TASK PROMPT
Type the data below again exactly. Omit all pictures.

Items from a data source
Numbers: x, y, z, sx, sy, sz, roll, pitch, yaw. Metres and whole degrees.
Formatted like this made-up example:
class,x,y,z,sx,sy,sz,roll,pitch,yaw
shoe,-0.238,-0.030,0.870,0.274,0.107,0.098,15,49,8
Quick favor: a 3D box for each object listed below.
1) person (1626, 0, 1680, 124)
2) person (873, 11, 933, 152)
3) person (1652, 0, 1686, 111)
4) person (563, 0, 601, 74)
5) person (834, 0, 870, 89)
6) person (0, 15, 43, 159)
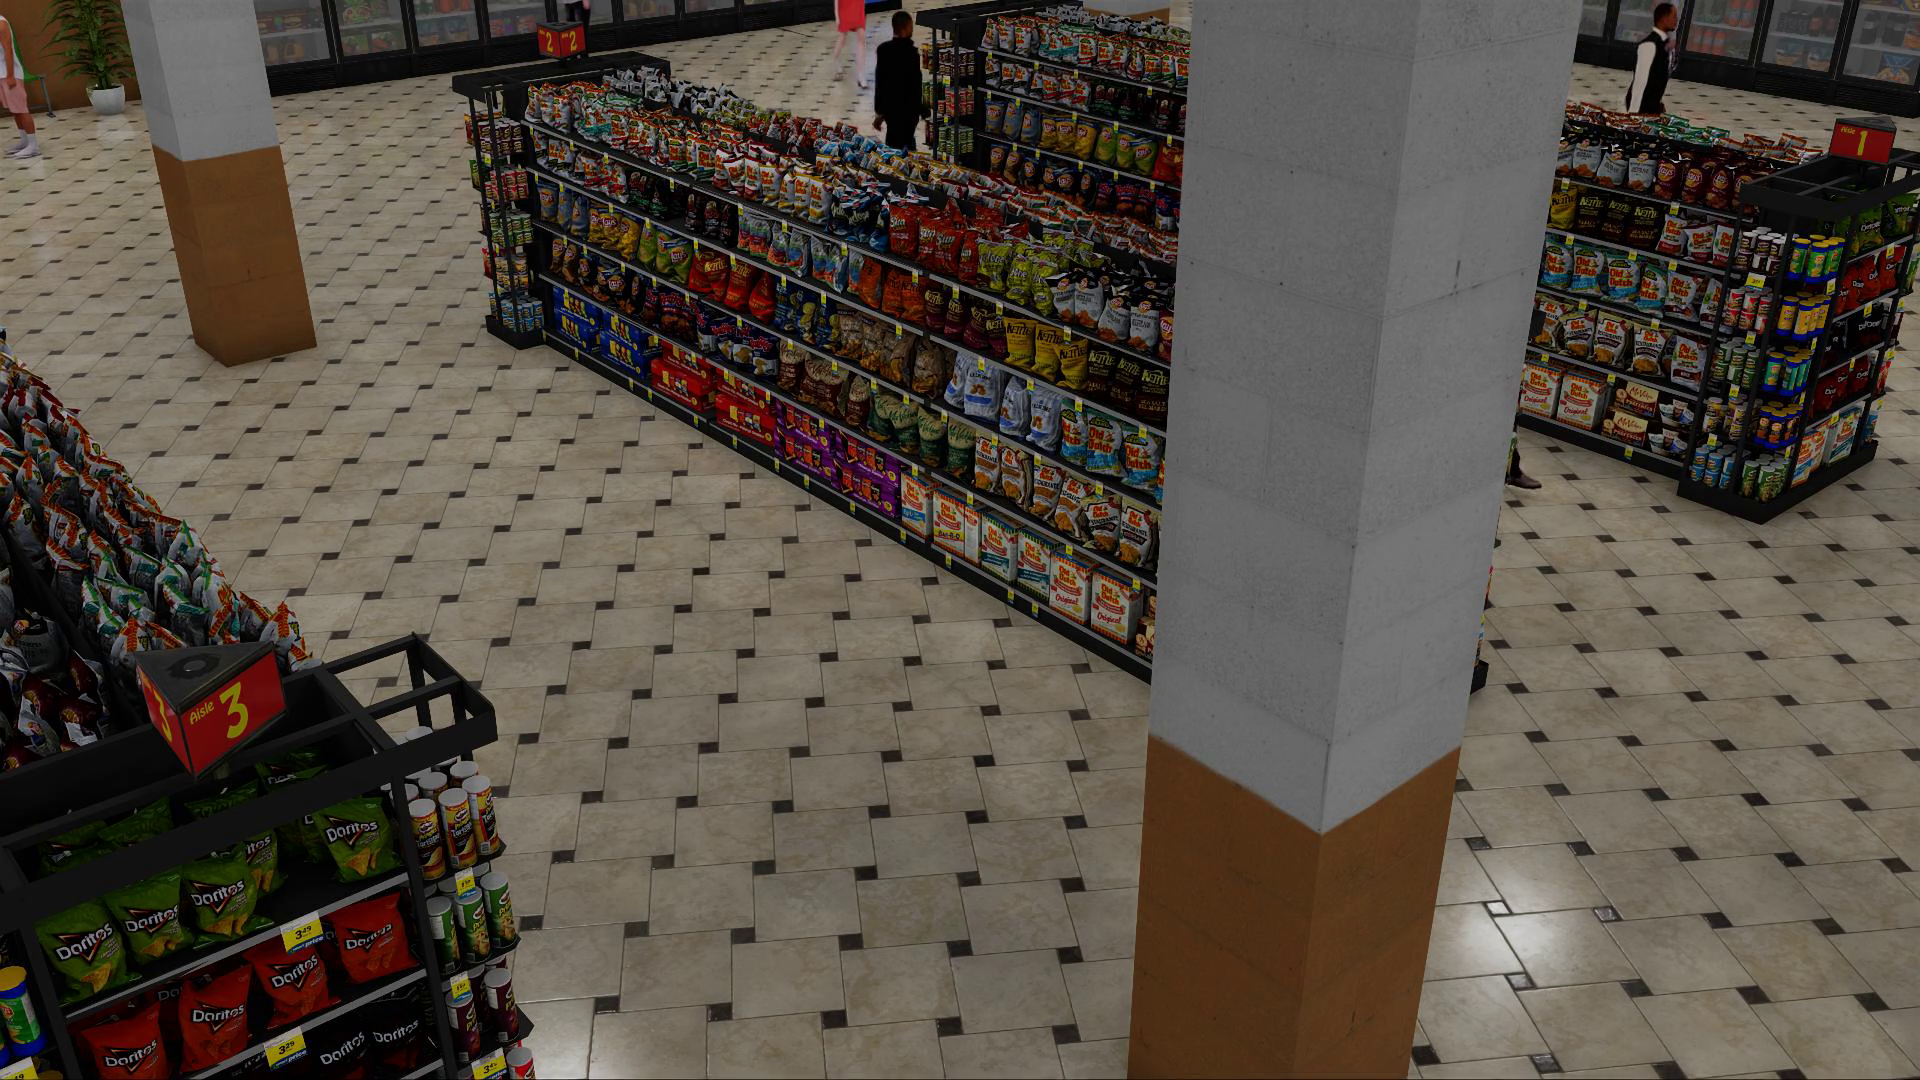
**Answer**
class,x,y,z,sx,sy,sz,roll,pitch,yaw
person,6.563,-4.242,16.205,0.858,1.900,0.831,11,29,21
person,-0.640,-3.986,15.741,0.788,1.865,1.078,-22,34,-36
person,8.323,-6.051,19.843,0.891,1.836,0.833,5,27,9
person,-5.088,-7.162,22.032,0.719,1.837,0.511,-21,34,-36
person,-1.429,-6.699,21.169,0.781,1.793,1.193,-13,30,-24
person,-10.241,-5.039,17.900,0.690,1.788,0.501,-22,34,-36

RESULT OF THE TASK
Numbers: x, y, z, sx, sy, sz, roll, pitch, yaw. Metres and whole degrees.
Formatted like this made-up example:
class,x,y,z,sx,sy,sz,roll,pitch,yaw
shoe,-0.238,-0.030,0.870,0.274,0.107,0.098,15,49,8
Quick favor: a 3D box for each object listed below.
1) person (1626, 0, 1680, 124)
2) person (873, 11, 933, 152)
3) person (1652, 0, 1686, 111)
4) person (563, 0, 601, 74)
5) person (834, 0, 870, 89)
6) person (0, 15, 43, 159)
**Answer**
class,x,y,z,sx,sy,sz,roll,pitch,yaw
person,6.563,-4.242,16.205,0.858,1.900,0.831,11,29,21
person,-0.640,-3.986,15.741,0.788,1.865,1.078,-22,34,-36
person,8.323,-6.051,19.843,0.891,1.836,0.833,5,27,9
person,-5.088,-7.162,22.032,0.719,1.837,0.511,-21,34,-36
person,-1.429,-6.699,21.169,0.781,1.793,1.193,-13,30,-24
person,-10.241,-5.039,17.900,0.690,1.788,0.501,-22,34,-36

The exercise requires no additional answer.